=== Activity ===
Tally the lines in the entries where the string "android" appears, and write only the total.

[Exercise materials Boundary: Start]

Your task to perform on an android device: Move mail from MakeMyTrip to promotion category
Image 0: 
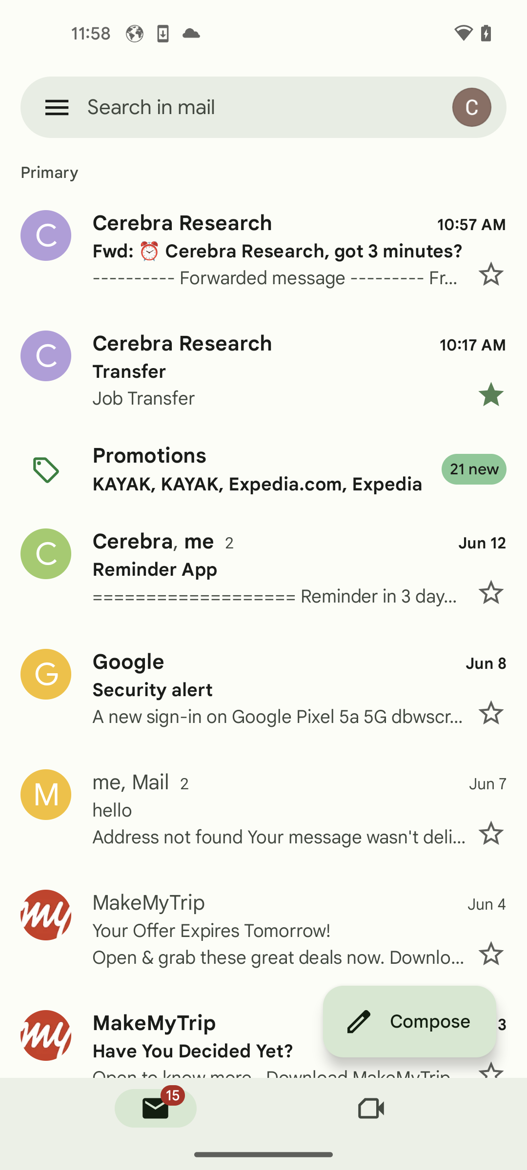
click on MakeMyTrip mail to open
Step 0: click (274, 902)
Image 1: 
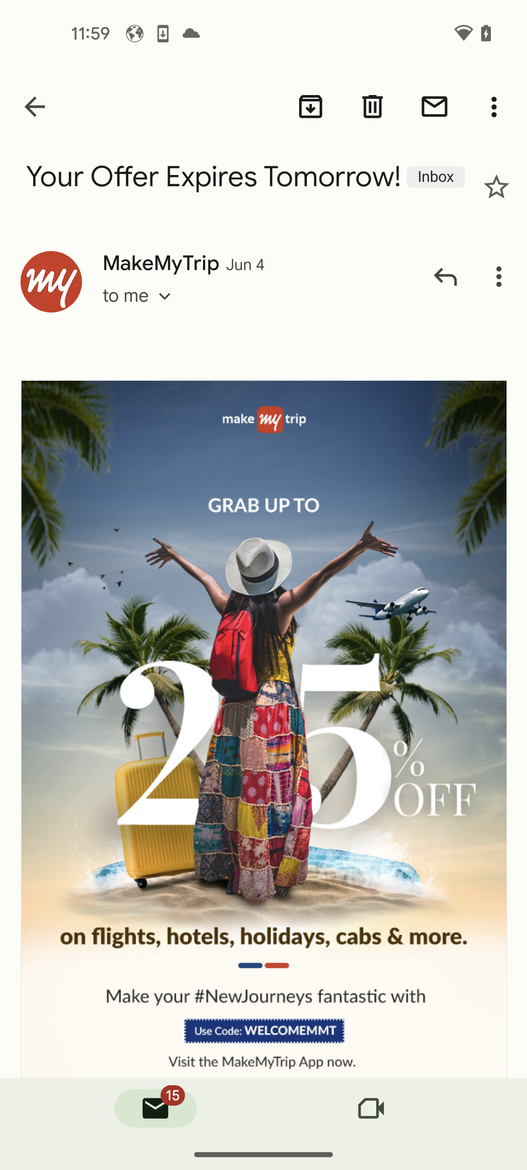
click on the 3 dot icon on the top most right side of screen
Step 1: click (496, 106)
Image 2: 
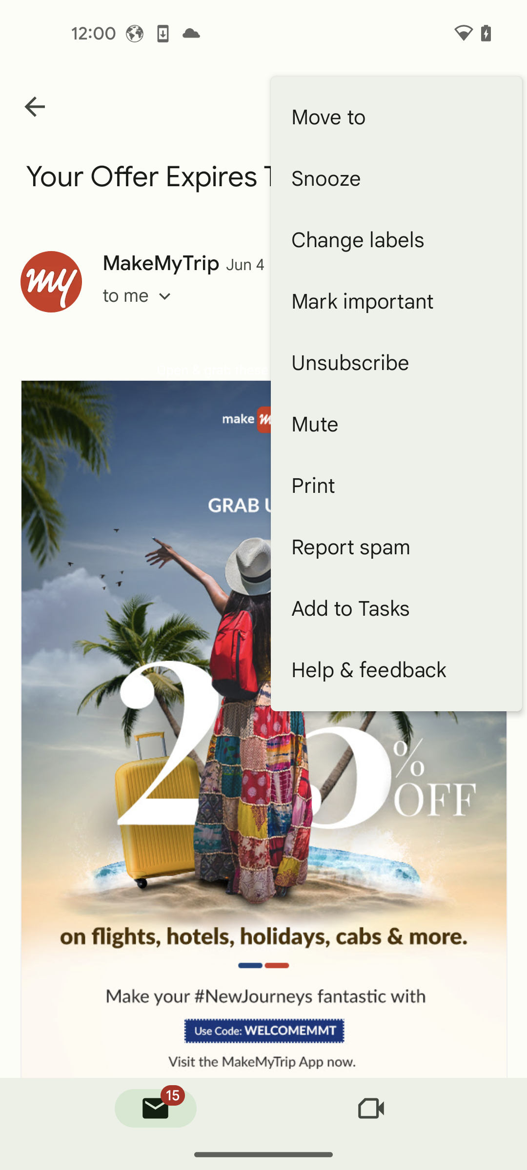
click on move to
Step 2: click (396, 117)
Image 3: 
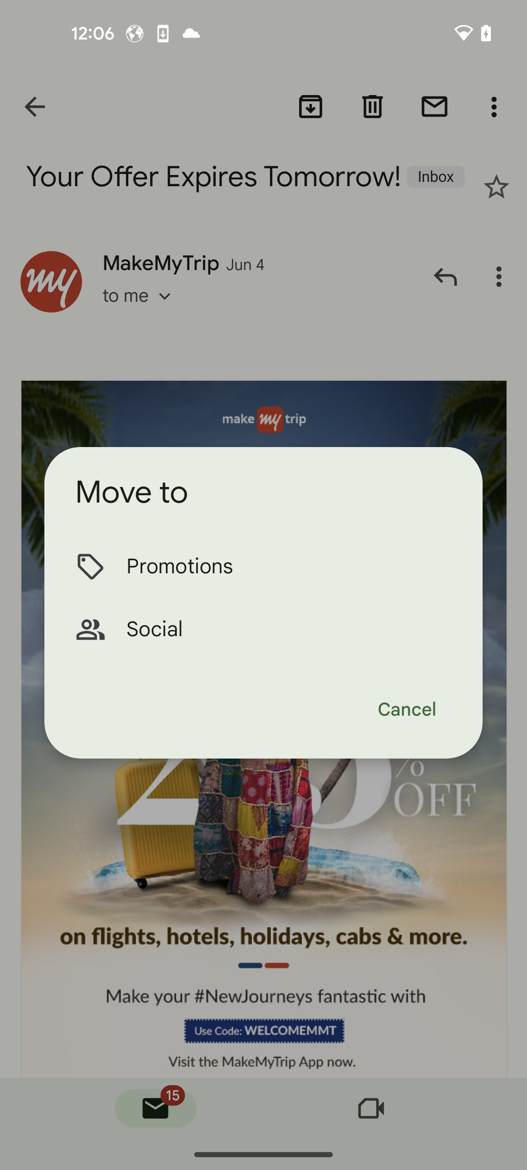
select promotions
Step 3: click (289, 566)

[Exercise materials Boundary: End]
[Exercise materials Boundary: Start]

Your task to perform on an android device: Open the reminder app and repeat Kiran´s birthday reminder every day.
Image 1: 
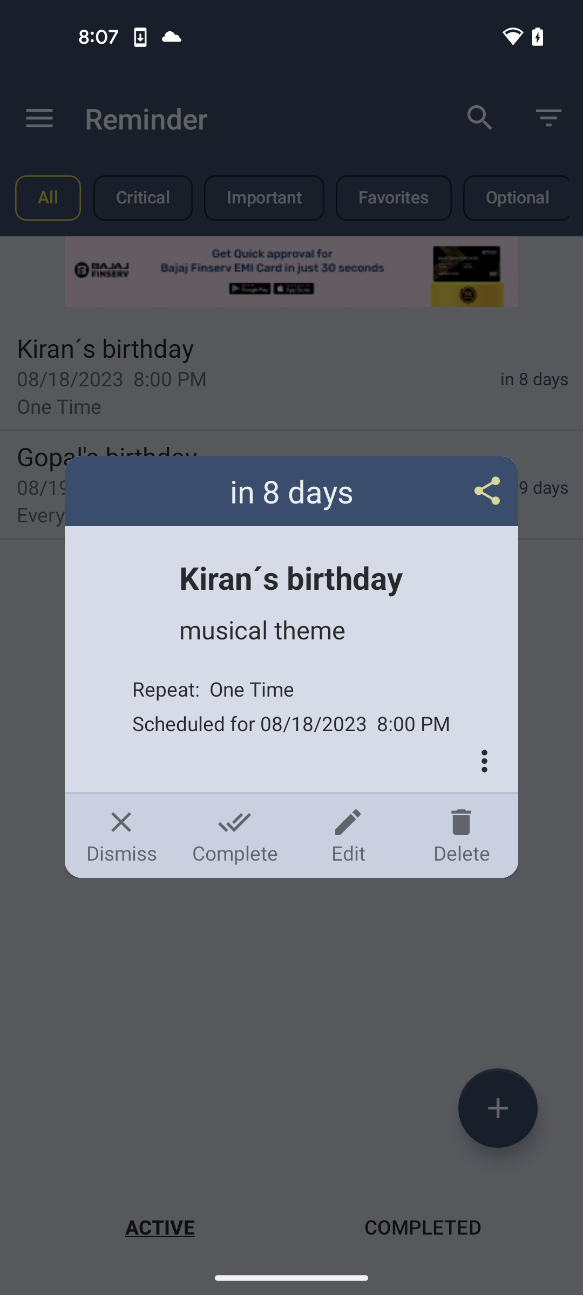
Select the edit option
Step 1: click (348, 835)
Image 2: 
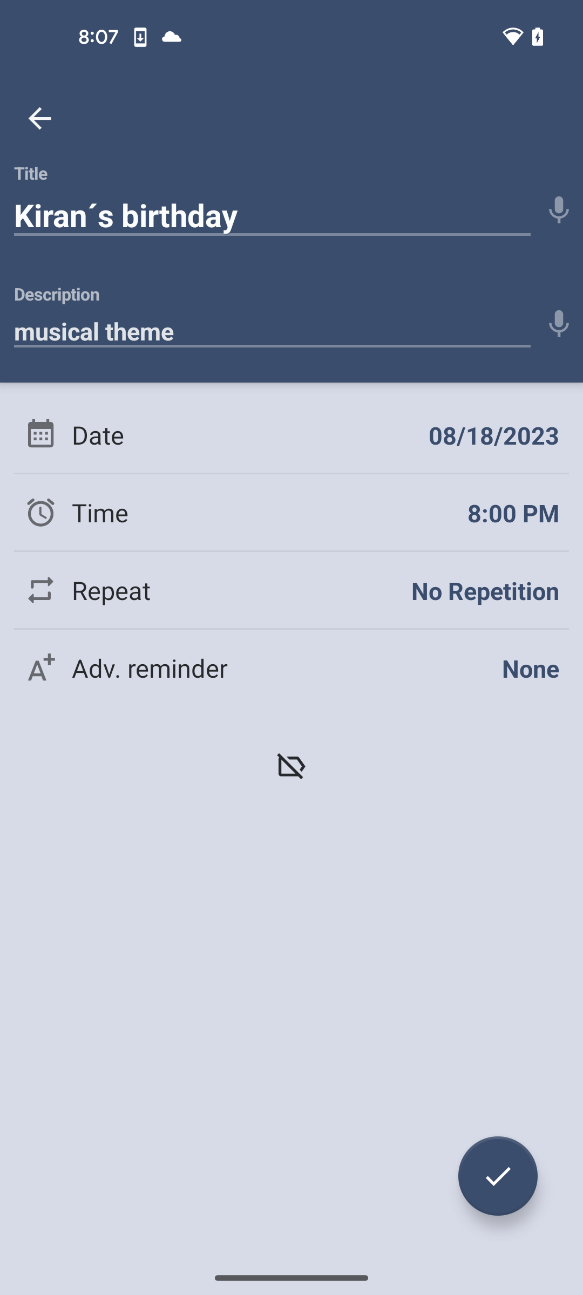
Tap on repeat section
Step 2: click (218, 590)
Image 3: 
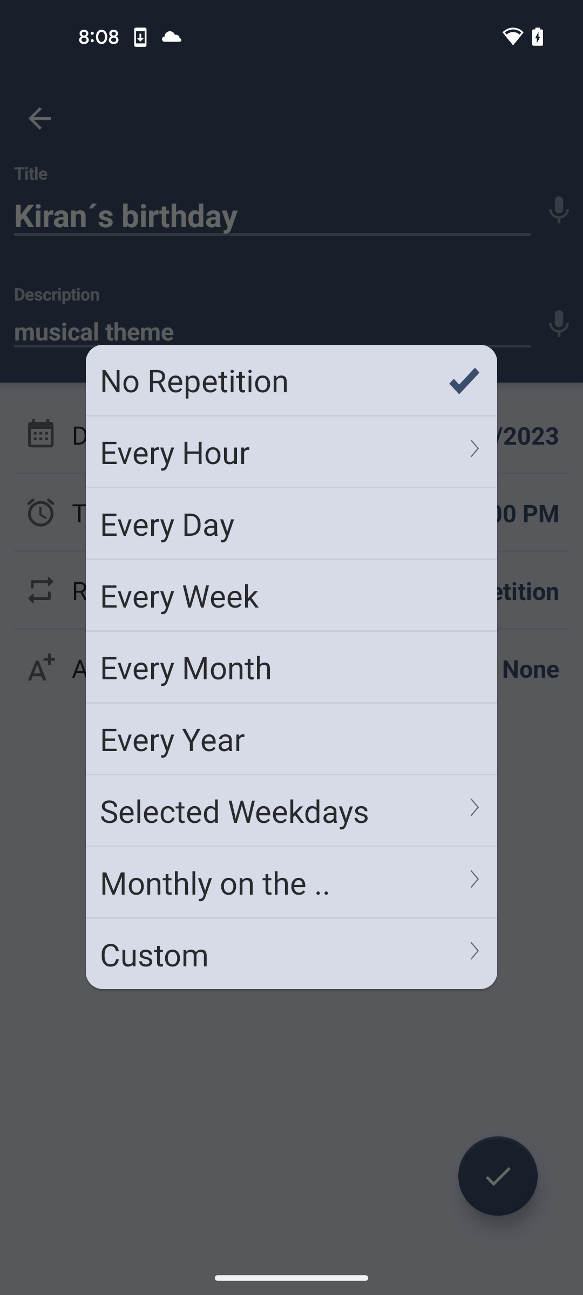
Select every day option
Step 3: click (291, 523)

[Exercise materials Boundary: End]

=== Written response ===
2